In November 2015 I woke up one morning and my tummy had swollen up, I thought nothing of it really because it happens every now and again and it goes down usually within a few hours. A week had gone by and I was in agony, my tummy was just getting bigger and bigger so much so that I got taken to A&E by my parents and was in majors. They initially thought it was gallstones so made me take a pregnancy test and admitted me to a surgical ward for overnight pain relief and an ultrasound f my abdomen, kidneys and gallbladder in the morning. I was checked over by the doctors in A&E and the surgical team and they couldn't see anything was wrong with me bar the fact I looked 8 months pregnant (which I wasn't pregnant at all). So they discharged me home and I went to see my GP and they couldn't think of what could be wrong either so referred me to a Gastroenterologist. After seeing the GP every week and being continuously signed off and trying medication such as; buscopan, mebeverne and amitriptolyne. None of which worked. No one seemed to believe the amount of pain I was in! 2 weeks later I was back in A&E being seen by the medical directorate of the hospital and went to have x-rays on my tummy. They had seen that I was severely constipated even though I was still going to the toilet and suggested an endoscopy. Off I went back home, stomach started making noises as if it was bubbling, I was still going to the toilet, yet getting increasingly more swollen, so much so I couldn't fit in my normal clothes so was wearing pyjamas or maternity clothes my mum had bought me. I was so embarrassed to go outside because of what people must've thought about me. It was such a dark time.

Back in the previous September me and my friends booked to go to Disneyland Paris at the beginning of January, because I didn't want to waste my money and I thought it may help relax me, I went. The most stupid idea of my life!!! Was so swollen and in so much pain I could hardly walk around, I was so homesick and wouldn't eat and ended up staying 2 nights and getting an early flight home on my own.

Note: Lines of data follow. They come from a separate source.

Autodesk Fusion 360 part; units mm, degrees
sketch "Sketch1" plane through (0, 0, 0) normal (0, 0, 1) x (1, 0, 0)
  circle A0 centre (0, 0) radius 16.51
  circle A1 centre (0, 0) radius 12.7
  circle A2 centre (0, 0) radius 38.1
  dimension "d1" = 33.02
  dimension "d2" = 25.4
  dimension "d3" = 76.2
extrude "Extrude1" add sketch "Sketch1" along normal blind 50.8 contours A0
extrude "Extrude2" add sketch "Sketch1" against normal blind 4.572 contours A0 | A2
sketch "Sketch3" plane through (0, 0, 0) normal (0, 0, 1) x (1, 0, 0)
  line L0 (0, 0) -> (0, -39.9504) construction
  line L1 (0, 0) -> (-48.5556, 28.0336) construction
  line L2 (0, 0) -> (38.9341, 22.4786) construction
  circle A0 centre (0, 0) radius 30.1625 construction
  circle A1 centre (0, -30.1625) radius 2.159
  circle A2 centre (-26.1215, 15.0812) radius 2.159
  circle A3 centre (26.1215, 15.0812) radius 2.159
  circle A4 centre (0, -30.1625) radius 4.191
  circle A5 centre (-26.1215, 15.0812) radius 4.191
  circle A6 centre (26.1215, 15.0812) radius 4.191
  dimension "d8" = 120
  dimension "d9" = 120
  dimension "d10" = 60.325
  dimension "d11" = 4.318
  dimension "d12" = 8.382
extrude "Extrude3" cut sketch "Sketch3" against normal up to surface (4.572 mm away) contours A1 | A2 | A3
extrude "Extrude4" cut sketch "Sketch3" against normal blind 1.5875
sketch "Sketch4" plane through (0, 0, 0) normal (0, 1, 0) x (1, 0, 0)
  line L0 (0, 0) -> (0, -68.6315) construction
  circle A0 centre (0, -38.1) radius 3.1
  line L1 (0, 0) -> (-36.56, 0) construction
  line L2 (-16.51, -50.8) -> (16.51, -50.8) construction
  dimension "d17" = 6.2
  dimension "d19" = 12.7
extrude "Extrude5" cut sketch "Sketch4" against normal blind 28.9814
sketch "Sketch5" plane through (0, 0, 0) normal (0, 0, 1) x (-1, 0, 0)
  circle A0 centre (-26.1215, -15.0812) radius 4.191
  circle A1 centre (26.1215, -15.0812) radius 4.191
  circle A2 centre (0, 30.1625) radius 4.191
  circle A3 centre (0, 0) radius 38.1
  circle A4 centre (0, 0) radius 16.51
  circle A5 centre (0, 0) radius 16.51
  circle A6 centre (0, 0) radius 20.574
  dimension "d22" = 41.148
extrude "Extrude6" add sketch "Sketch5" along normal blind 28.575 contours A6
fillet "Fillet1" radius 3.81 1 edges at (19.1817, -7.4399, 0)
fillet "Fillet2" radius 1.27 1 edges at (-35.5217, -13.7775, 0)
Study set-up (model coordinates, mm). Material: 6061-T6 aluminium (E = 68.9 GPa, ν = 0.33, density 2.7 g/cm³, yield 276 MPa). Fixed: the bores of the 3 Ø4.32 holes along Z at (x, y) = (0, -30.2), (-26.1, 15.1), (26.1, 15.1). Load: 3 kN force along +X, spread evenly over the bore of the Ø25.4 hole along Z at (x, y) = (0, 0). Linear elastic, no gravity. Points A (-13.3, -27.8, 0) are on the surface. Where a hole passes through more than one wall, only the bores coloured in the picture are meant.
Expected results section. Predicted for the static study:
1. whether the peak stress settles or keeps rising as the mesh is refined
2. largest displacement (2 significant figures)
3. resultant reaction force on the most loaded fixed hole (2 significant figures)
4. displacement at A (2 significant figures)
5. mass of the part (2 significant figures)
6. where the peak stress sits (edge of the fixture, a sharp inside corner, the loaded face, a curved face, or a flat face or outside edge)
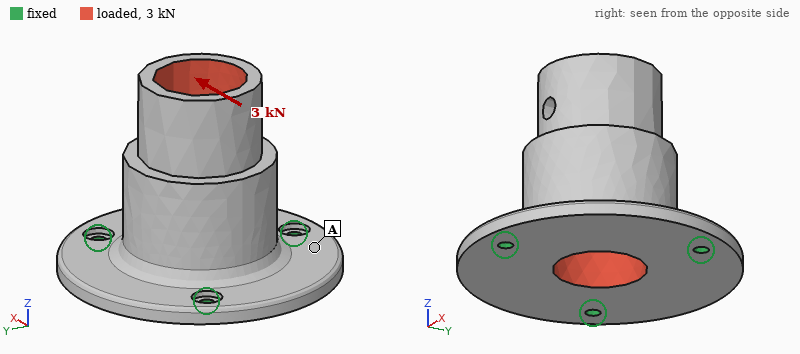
keeps rising
85 µm
2.1 kN
18 µm
130 g
edge of the fixture
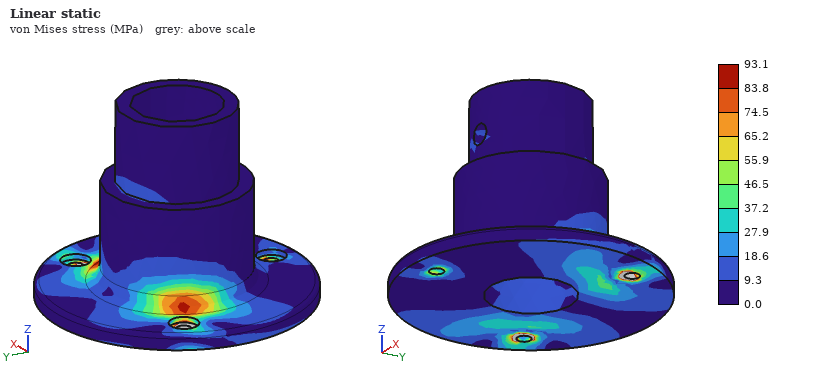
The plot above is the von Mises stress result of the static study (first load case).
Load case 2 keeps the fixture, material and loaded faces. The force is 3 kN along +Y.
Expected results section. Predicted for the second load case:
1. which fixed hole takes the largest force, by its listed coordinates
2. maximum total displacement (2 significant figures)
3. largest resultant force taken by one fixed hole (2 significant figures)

(0, -30.2)
85 µm
2.5 kN
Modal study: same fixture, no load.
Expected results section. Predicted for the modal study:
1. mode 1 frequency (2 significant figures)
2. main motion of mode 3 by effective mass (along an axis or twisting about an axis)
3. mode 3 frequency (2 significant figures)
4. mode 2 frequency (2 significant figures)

4000 Hz
along Z
5700 Hz
4000 Hz

Finally at the end of January I got to see my consultant for the first time. I had been keeping a food diary and a stool log anyway so brought that with me and he checked me over and wasn't sure what it was but that it wasn't normal. He sent me there and then for another x-ray of my abdomen and sent me up to book an urgent endoscopy (camera down the throat and biopsies taken of the stomach and small intestine). I had this done about 2 weeks later and the results had come back clear and there was no change in my x-rays. I went back to see my GP as I was still getting bigger and no body was telling me anything. He sat me down and showed me my x-rays and it showed my bowel was completely full of fecal matter and the gases in my bowel were coming back out into my stomach. The reason I was still going to the toilet was because there was literally so much in there out of force it was pushing the oldest amount out. He prescribed my pain relief and lots of laxatives to take to basically empty myself out. I started taking them straight away, changed my diet dramatically and was (and still am) gluten free and adding a lot more fruit and vegetables and exercising more at home. I got myself an exercise bike. After about 4 weeks of this continuously going to the toilet and exercising I lost a stone in weight and my tummy had gone down, however I was still in pain.

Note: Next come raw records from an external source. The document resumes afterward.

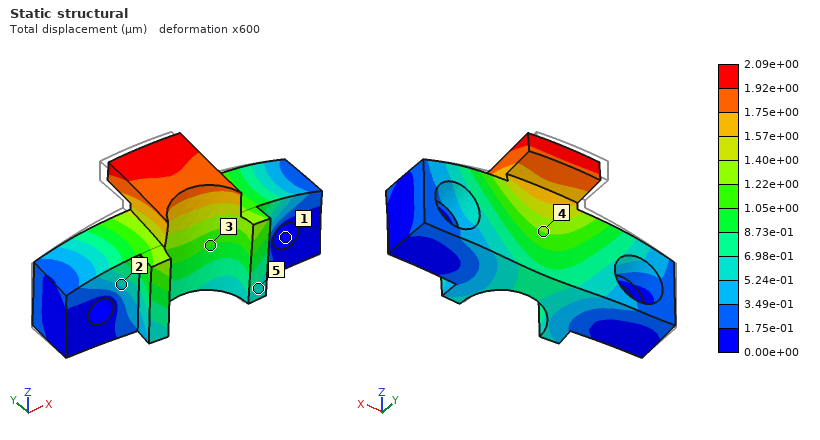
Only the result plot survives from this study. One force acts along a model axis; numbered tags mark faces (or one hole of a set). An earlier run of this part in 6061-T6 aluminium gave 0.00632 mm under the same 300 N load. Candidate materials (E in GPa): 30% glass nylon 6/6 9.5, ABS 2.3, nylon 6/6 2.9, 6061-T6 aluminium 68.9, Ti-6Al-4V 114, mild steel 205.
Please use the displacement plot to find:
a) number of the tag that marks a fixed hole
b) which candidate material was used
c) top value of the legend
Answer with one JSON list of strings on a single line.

["1", "mild steel", "2.09e+00 µm"]
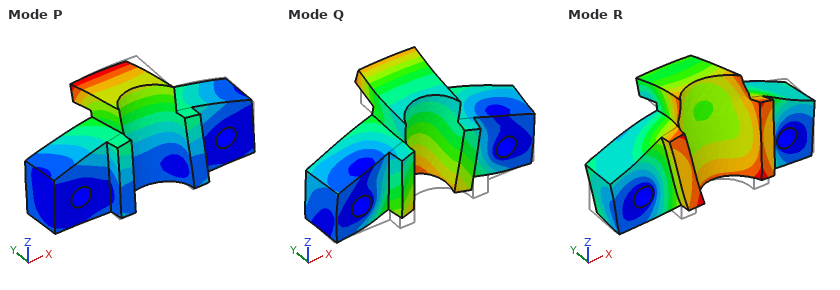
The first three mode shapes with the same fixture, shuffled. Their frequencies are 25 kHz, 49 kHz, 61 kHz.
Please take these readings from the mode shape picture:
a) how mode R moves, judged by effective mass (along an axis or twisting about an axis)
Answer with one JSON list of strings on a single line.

["along Z"]
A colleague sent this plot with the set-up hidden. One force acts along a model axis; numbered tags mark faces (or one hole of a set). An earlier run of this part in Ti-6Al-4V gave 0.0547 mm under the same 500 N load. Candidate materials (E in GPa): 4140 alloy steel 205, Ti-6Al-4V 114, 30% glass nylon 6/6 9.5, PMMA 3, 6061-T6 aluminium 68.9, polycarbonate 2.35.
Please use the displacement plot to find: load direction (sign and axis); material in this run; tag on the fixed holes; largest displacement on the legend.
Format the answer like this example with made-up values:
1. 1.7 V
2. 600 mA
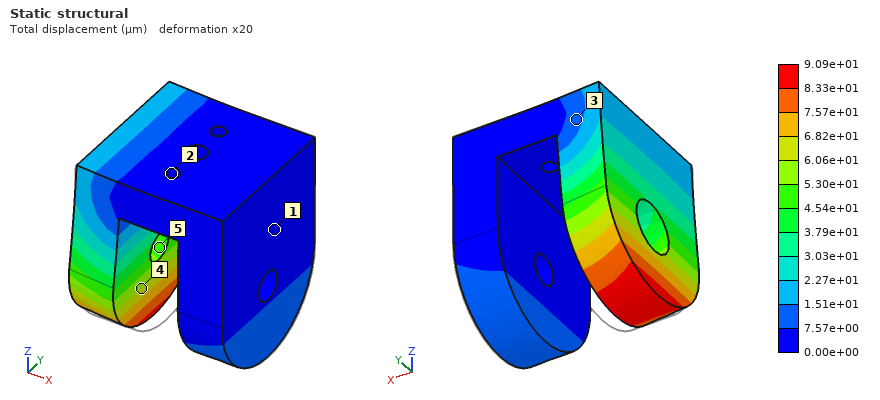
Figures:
1. -X
2. 6061-T6 aluminium
3. 2
4. 9.09e+01 µm
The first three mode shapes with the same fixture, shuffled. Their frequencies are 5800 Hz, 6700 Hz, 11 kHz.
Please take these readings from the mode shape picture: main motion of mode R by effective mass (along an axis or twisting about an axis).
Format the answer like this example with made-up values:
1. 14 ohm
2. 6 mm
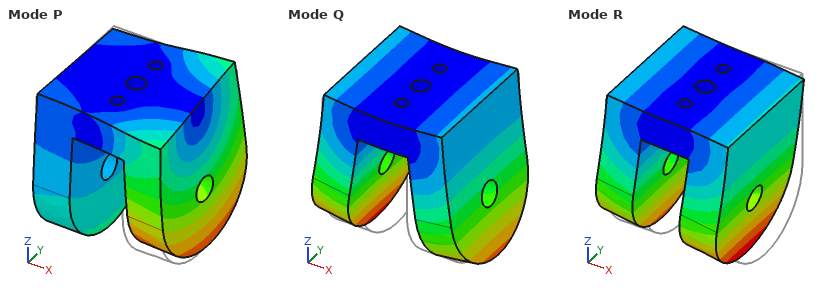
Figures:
1. along X

The end of March I went back to my consultant and he said it's just IBS and I need to learn to live with the pain and swelling and take laxatives for the rest of my life because my bowel just doesn't work properly. I cried and he discharged me and referred me to a dietitian. He told me about this herbal remedy from Russia to try so mum went online and ordered some for me because he couldn't prescribe it.

I went and saw a dietitian and went on the low FODMAP diet. I found it tough to begin with not having garlic or onion but I felt better on the diet but I was still getting the occasional swelling and constant diarrhea. After 8 weeks went to my follow up and they told me that the FODMAP diet hadn't worked properly as I still hadn't gone for a solid stool this year. She told me she'd write to my GP with a probiotic powder which you drink for him to prescribe and copy me and the consultant in and told me there was no more they could do.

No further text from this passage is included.